Given entries:

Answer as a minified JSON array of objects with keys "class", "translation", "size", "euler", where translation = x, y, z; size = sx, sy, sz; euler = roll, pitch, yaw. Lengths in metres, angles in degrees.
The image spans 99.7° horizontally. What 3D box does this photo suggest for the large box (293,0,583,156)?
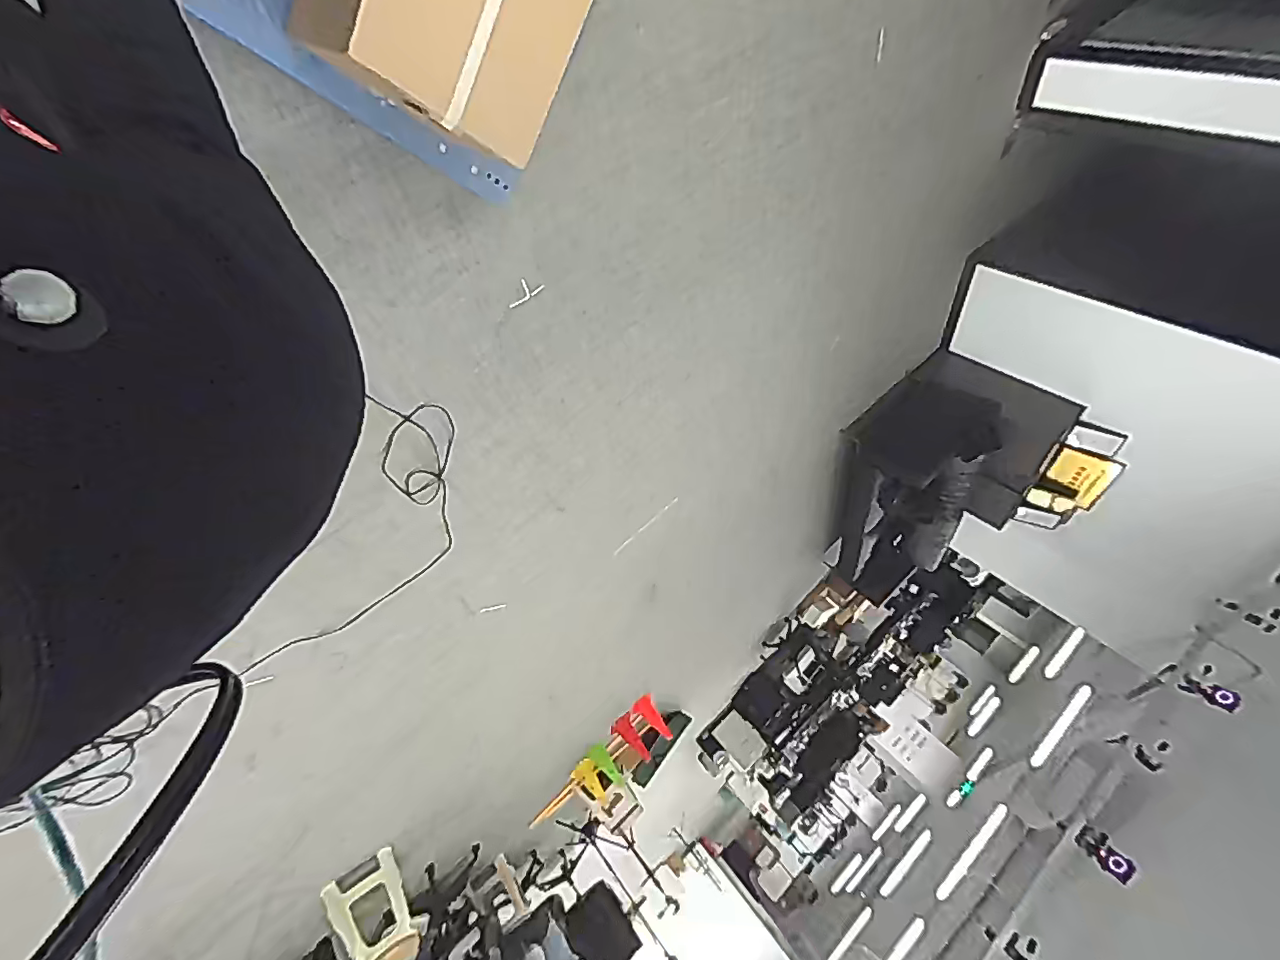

...

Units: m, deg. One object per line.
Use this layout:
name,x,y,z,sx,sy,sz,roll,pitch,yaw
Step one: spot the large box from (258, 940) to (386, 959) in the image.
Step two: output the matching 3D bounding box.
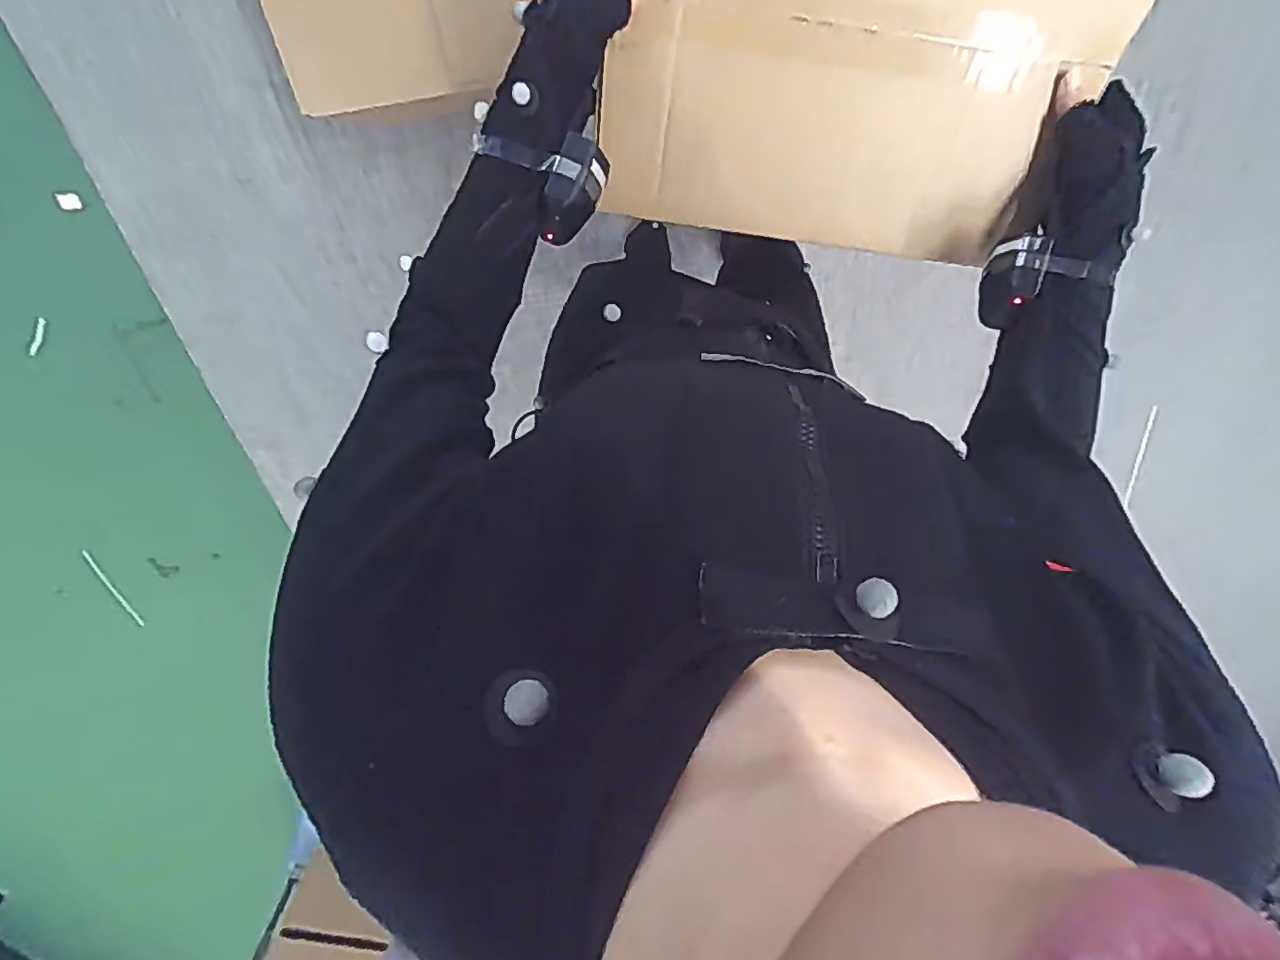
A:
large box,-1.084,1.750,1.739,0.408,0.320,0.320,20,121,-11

Work instructions: Keeping every character as it is, restate the lines above that run from the line with "Answer as a" through the line with "The image spans", both included, and nothing else.

Solution for this task:
Answer as a minified JSON array of objects with keys "class", "translation", "size", "euler", where translation = x, y, z; size = sx, sy, sz; euler = roll, pitch, yaw. Lengths in metres, angles in degrees.
The image spans 99.7° horizontally. What 3D box does this photo suggest for the large box (293,0,583,156)?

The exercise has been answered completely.